As an example the json for a record I might try to index contains:

"AvailableOn": "/Date(-2206274400000-0500)/",

however most of my documents had the following:

"AvailableOn": null,

When a null value is indexed it turns it into a null object inside elasticsearch, and then the documents that do not have null generated the error you reported and I'm experiencing. My issue is very much related to how this date is presented and we can figure a work around, but I suspect the overall scenario may give people with the issue something to look for in their own data and determine how/why they are getting this.

@mehtryx

Further checking on other fields did not reproduce this....so while it was a theory and may have some relevence into what I am experiencing, it seems my other null fields with regular strings for data have no issue.

The fact still remains however that if I remove this field from my data contract or override it to always be null or always be a string representation like this:

item.AvailableOn = if item.AvailableOn? then "#{item.AvailableOn}" else ""

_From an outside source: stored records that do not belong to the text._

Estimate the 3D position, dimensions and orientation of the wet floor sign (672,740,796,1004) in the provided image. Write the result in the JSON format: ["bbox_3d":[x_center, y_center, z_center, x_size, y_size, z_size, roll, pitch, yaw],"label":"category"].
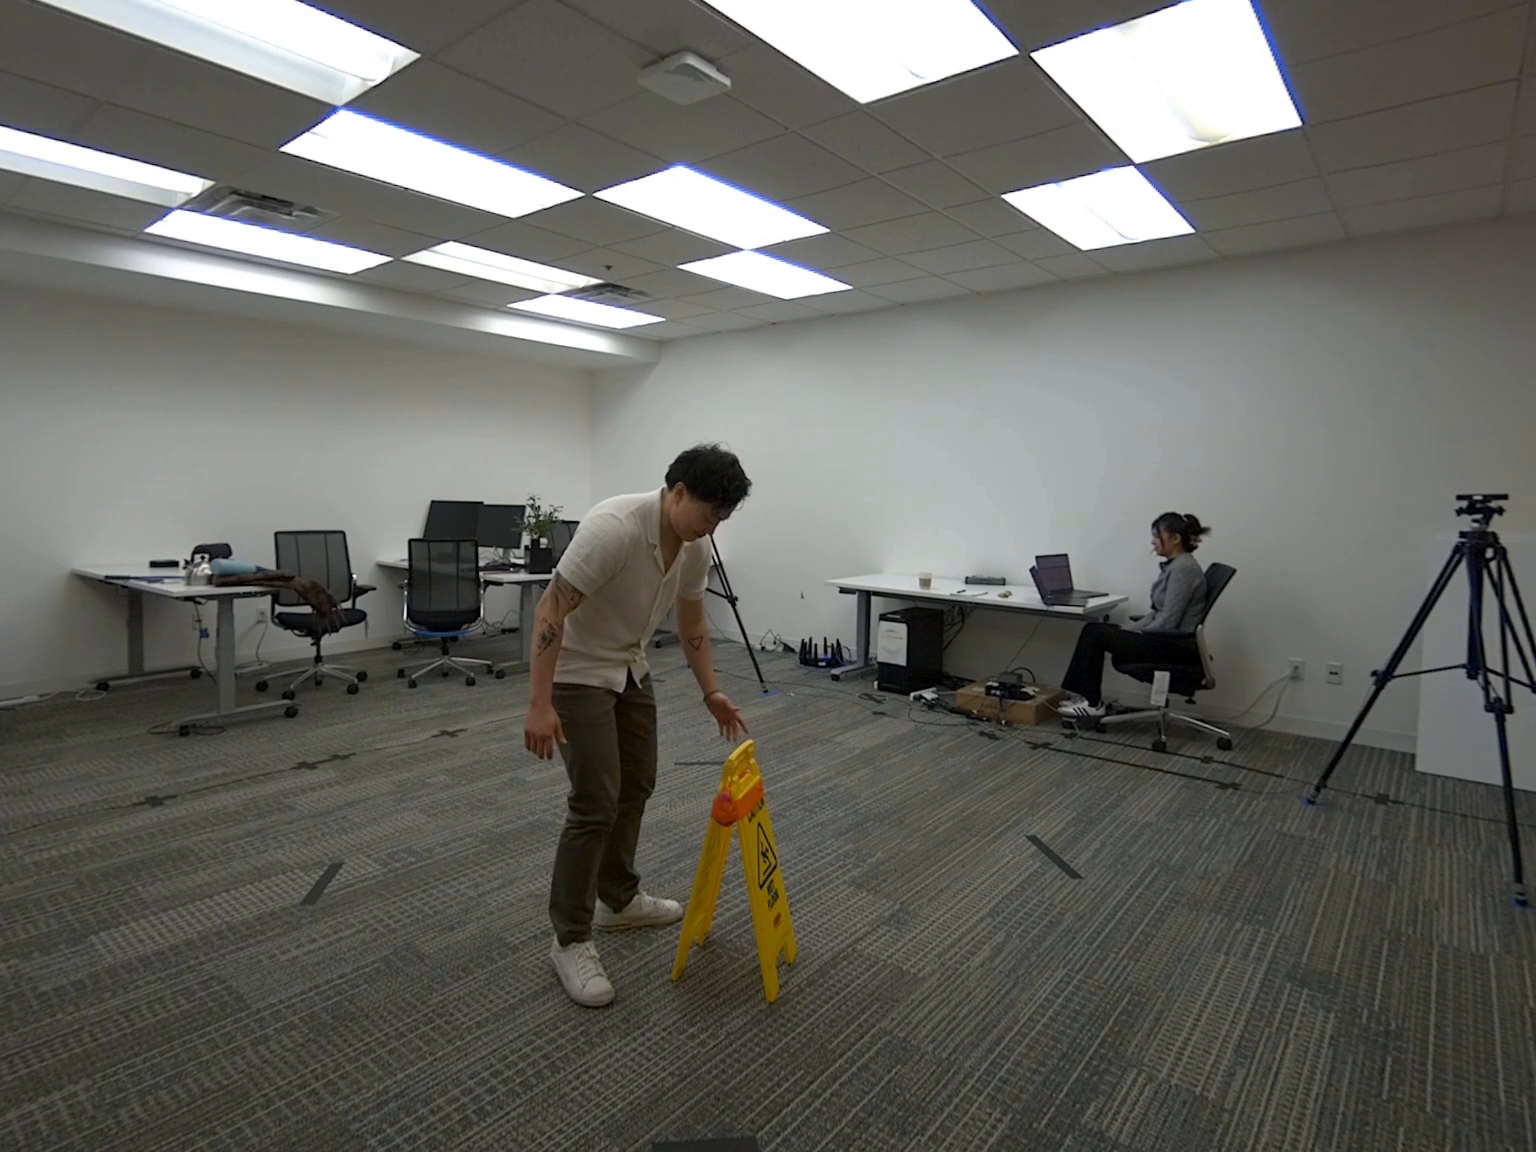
[{"bbox_3d":[-0.091,0.813,2.448,0.295,0.643,0.278,3,5,17],"label":"wet floor sign"}]
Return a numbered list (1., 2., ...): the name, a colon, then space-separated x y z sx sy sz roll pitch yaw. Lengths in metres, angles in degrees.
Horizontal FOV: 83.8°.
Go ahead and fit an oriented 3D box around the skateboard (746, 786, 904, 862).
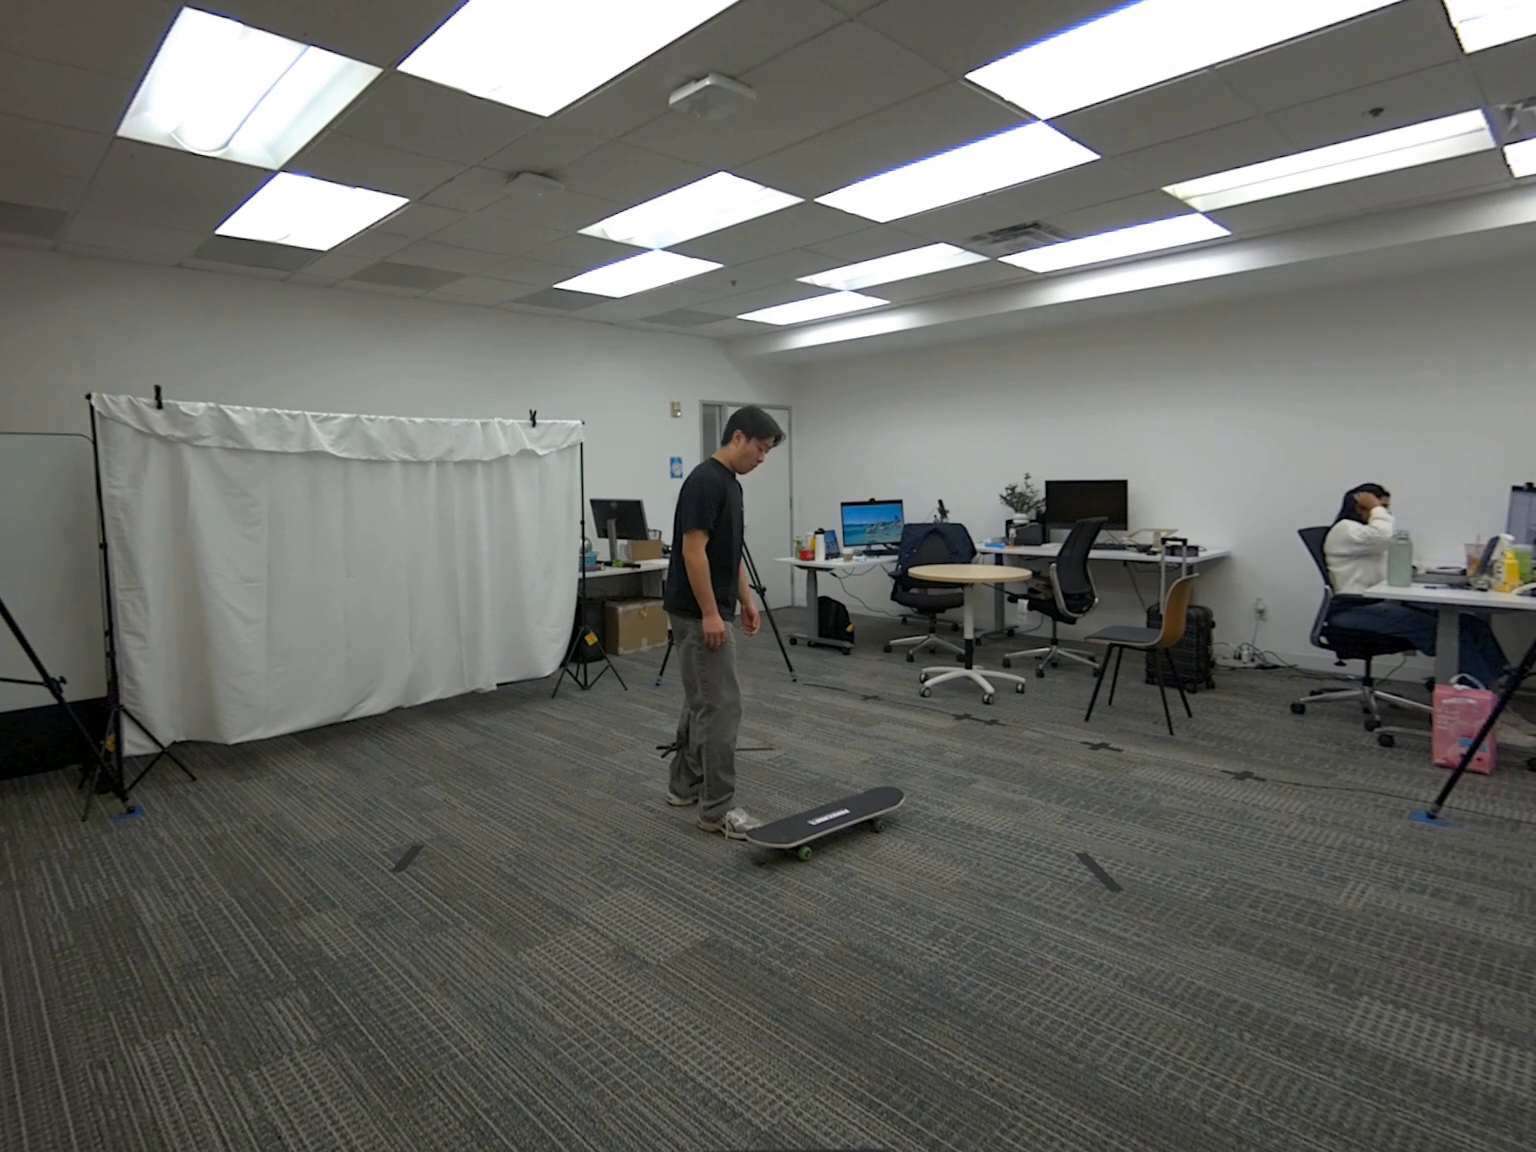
1. skateboard: 0.238 0.960 3.313 0.765 0.110 0.199 -6 7 -39

Which I do in the code I have looping through the json docs and indexing...then it works.

@markmacgillivray

Hello there, great software by the way, have been using for a while but am now having trouble with this error too.

I have a mapping like this:

"record" : {
"record" : {
"dynamic_templates" : [
{
"default" : {
"match" : "*",
"mapping" : {
"type" : "multi_field",
"fields" : {
"{name}" : {"type" : "{dynamic_type}", "index" : "analyzed", "store" : "no"},
"exact" : {"type" : "{dynamic_type}", "index" : "not_analyzed", "store" : "yes"}
}
}
}
}
]
}
}

but when I send it items like this:

[{'url': 'http://dx.doi.org/10.1007/3-540-34266-4_1'}]
[{'url': 'http://stat.berkeley.edu/users/pitman/AOP445.pdf', 'anchor': '[pdf]'}, {'url': 'http://projecteuclid.org/euclid.aop/1253539862', 'anchor': '[Project', 'format': 'Euclid]'}]
[{'url': 'http://arxiv.org/abs/0910.0405', 'anchor': 'arXiv'}, {'url': 'http://projecteuclid.org/euclid.bj/1297173851', 'anchor': 'Project', 'format': 'Euclid'}]
[{'url': 'http://www.bibkn.org/bibjson/index.html'}]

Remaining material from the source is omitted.